Copy the page URI to the clipboard
Langenbucher, Achim; Szentmáry, Nóra; Cayless, Alan; Wendelstein, Jascha and Hoffmann, Peter
(2023).
DOI: https://doi.org/10.1080/02713683.2022.2108457
Abstract
Purpose
Bootstrapping is a modern technique widely used in statistics to evaluate the performance of model parameters. The purpose of this study was to develop a strategy to identify and eliminate outliers in a dataset used for optimizing formula constants for lens power calculation.
Methods
In a dataset with N = 888 clinical cases treated with a monofocal aspherical intraocular lens (XC1/XY1, Hoya) constants for the SRKT, Haigis and Castrop formula were optimized and the prediction error PE calculated. The PE was bootstrapped NB = 1000 times, and the mean and trimmed mean of the bootstrapped PE were derived to generate the Bootlier plot showing the probability density function of the mean minus trimmed mean. With outliers this Bootlier plot shows some multimodality, and a Bootlier Index was extracted as a measure for multimodality.

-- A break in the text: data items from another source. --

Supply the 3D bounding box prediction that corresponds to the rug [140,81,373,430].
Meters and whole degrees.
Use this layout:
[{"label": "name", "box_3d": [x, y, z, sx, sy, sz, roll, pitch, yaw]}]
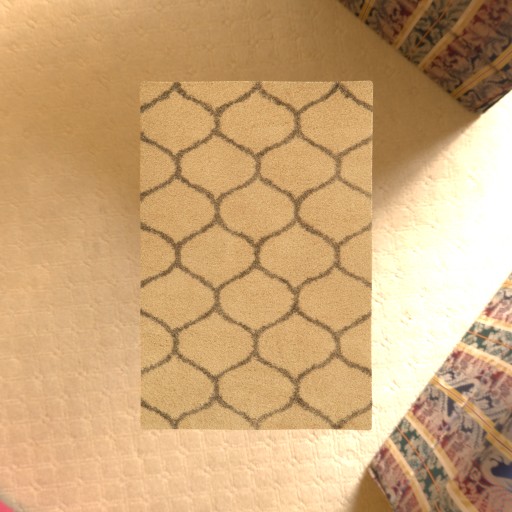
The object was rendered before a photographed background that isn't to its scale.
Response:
[{"label": "rug", "box_3d": [0.000, 0.000, 3.437, 1.801, 0.026, 2.701, 0, 90, 1]}]
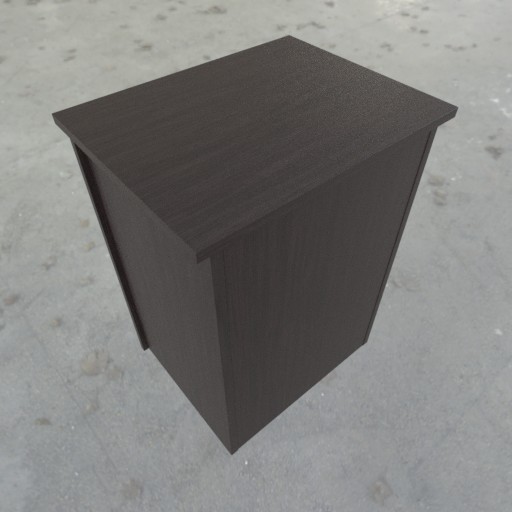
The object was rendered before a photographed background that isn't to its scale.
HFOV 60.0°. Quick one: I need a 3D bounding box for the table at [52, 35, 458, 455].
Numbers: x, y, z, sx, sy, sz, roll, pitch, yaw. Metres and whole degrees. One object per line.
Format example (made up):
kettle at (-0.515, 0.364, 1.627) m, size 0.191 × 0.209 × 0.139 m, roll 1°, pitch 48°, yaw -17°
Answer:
table at (0.000, 0.000, 0.893) m, size 0.480 × 0.635 × 0.381 m, roll -31°, pitch 54°, yaw -26°
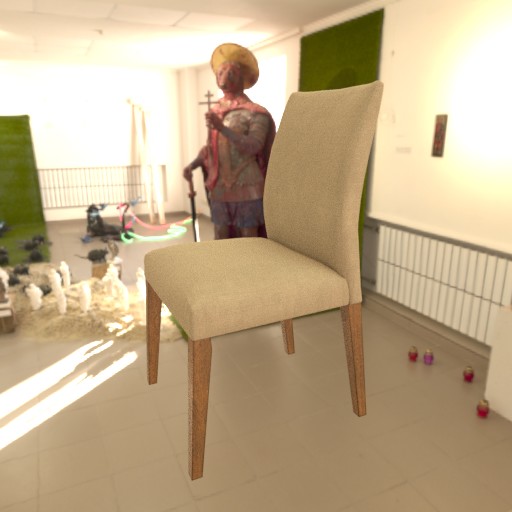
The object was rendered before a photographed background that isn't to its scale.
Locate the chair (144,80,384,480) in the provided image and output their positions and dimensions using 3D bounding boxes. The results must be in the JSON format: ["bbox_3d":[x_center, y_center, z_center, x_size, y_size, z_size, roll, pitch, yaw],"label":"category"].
[{"bbox_3d":[0.000,0.000,1.288,0.585,0.940,0.496,-8,18,-25],"label":"chair"}]
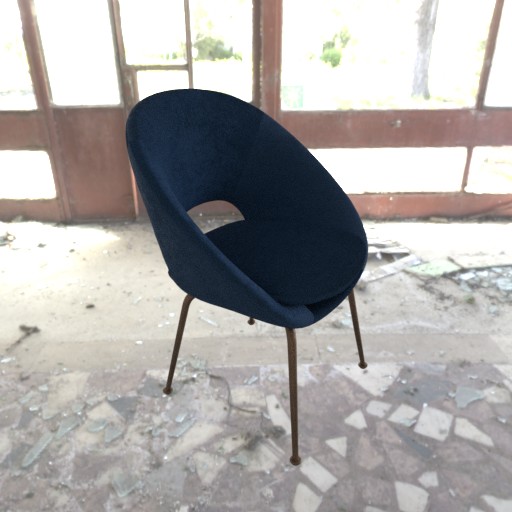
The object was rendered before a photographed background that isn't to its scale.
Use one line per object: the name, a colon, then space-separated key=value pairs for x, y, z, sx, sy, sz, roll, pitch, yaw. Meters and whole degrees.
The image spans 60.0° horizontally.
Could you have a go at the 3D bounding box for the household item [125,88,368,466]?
household item: x=0.000 y=0.000 z=1.242 sx=0.573 sy=0.852 sz=0.623 roll=16 pitch=30 yaw=31
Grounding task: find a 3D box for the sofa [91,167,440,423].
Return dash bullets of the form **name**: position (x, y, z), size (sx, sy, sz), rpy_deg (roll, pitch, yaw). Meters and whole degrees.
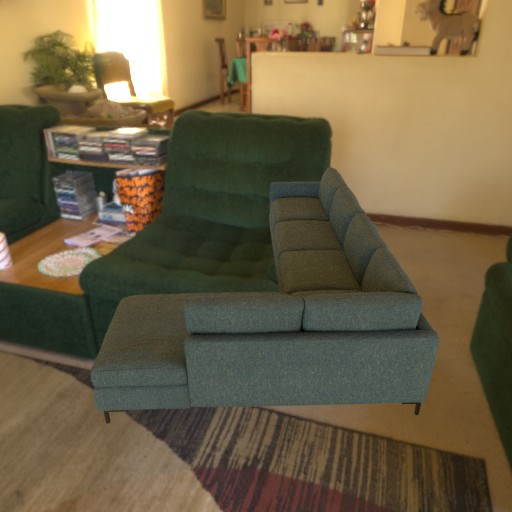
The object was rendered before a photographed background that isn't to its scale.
- **sofa**: position (0.000, 0.000, 3.837), size (2.007, 0.815, 2.949), rpy_deg (-1, 27, -1)
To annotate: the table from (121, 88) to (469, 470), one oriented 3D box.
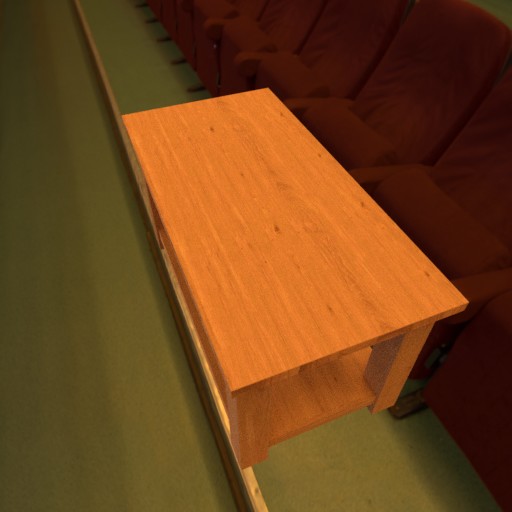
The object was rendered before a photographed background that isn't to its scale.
[{"bbox_3d":[0.000,0.000,1.178,0.450,0.452,0.899,-16,48,-15],"label":"table"}]
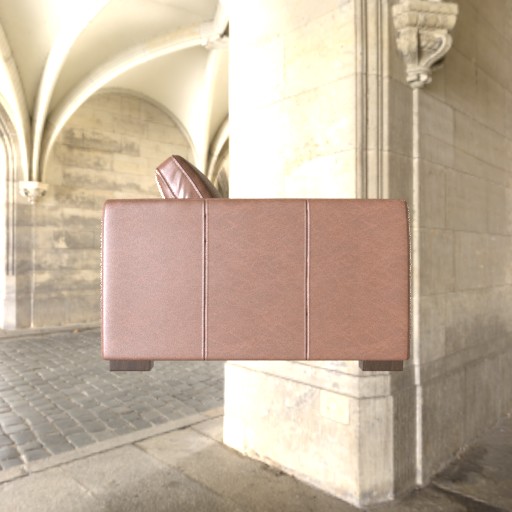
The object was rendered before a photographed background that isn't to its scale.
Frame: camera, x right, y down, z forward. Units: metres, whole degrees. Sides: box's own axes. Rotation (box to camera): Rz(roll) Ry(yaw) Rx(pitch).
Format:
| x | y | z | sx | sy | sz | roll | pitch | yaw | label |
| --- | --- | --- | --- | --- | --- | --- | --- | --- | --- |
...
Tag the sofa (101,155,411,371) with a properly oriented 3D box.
| x | y | z | sx | sy | sz | roll | pitch | yaw | label |
| --- | --- | --- | --- | --- | --- | --- | --- | --- | --- |
| 0.000 | 0.000 | 2.429 | 1.070 | 0.800 | 1.920 | 0 | 0 | 0 | sofa |
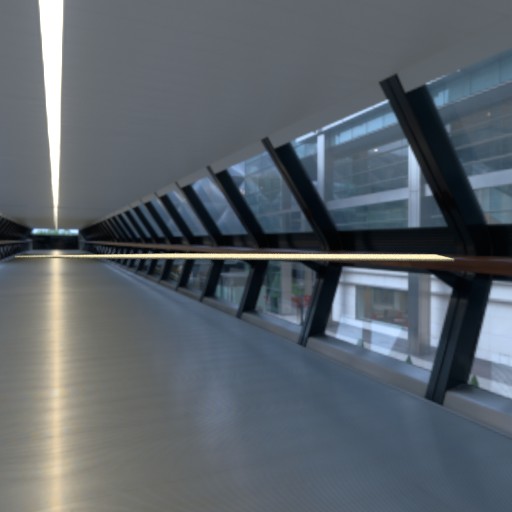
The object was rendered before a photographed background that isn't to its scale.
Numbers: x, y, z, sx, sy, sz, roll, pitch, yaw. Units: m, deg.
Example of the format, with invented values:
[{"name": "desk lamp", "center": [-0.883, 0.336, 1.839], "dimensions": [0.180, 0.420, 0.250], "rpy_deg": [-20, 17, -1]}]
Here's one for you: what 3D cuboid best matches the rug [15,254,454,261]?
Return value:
[{"name": "rug", "center": [0.000, 0.000, 4.117], "dimensions": [3.204, 0.016, 2.452], "rpy_deg": [0, 1, 20]}]
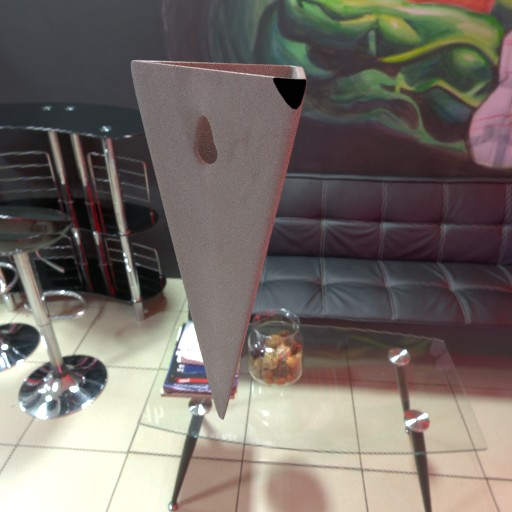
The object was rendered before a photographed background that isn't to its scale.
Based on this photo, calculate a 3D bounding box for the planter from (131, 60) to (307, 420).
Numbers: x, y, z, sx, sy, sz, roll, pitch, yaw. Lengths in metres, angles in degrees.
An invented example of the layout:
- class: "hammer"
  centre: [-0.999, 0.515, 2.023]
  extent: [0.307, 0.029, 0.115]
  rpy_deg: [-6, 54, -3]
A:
- class: "planter"
  centre: [0.000, 0.000, 0.159]
  extent: [0.058, 0.130, 0.047]
  rpy_deg: [21, 36, 32]
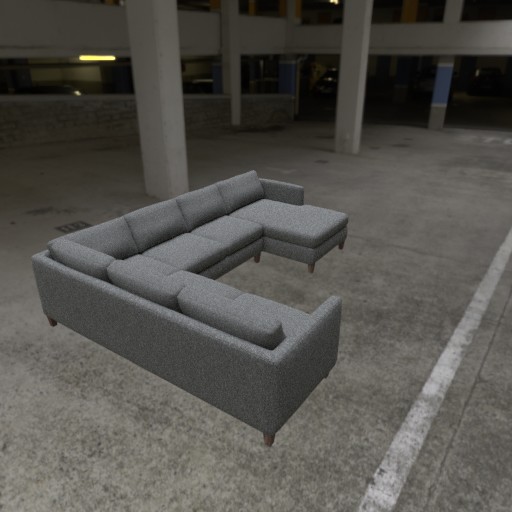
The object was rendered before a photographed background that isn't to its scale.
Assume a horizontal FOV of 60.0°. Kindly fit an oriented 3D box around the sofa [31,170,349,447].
[{"bbox_3d":[0.000,0.000,4.448,2.551,0.853,3.238,16,30,31],"label":"sofa"}]
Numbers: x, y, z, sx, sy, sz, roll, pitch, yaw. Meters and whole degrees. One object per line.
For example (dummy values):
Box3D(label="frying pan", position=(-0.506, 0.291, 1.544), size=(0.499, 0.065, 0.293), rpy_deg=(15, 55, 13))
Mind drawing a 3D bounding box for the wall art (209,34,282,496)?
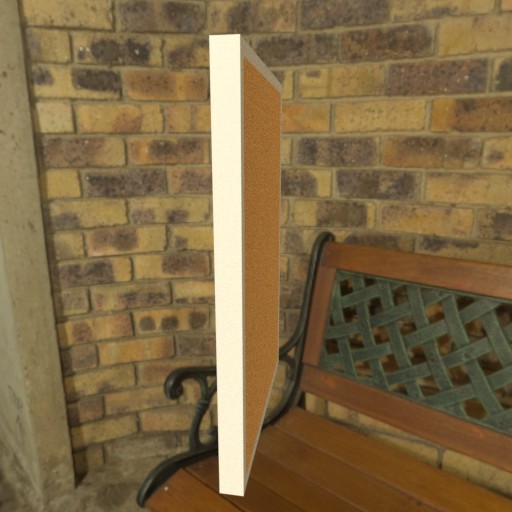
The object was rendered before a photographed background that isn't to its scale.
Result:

Outliers were removed from the tails of the PE distribution in a stepwise fashion until the Bootlier Index fell below a threshold of 0.001.
Results
With the entire dataset the mean/SD/median/mean absolute/root mean squared PE using the optimized formula constants were -0.0045/0.44415/0.0134/0.3406/0.4412 dpt with SRKT, 0.0065/0.3711/-0.0056/0.2830/0.3710 dpt with Haigis, and 0.0034/0.3452/0.0023/0.2683/0.3451 dpt with the Castrop formula. After identifying and removing outliers the respective metrics for the PE were -0.0036/0.4028/0.0134/0.3205/0.4026 dpt for the SRKT (13 cases removed), 0.0050/0.3375/-0.0056/0.2656/0.3373 dpt with Haigis (11 cases removed), and 0.0035/0.3168/0.0023/0.2531/0.3166 dpt with Castrop (11 cases removed). The multimodality in the Bootlier plots was reduced from 0/0.1567/0.0587/0.0258/0.0007/0 with SRKT, 0/0.0981/0.0261/0.0202/0.0003/0 with Haigis, and 0.0006/0.0006/0.0161/0.0191/0.0005/0 with Castrop for the entire dataset to values below 1e-3 for trimming both tails of the PE distribution by ⅛, ¼, ½, 1, 2.5, and 5% respectively.
Conclusion
We were able to prove that bootstrapping with outlier identification based on Bootlier plots and the Bootlier Index is a powerful tool to clean a dataset of outliers for formula constant optimization.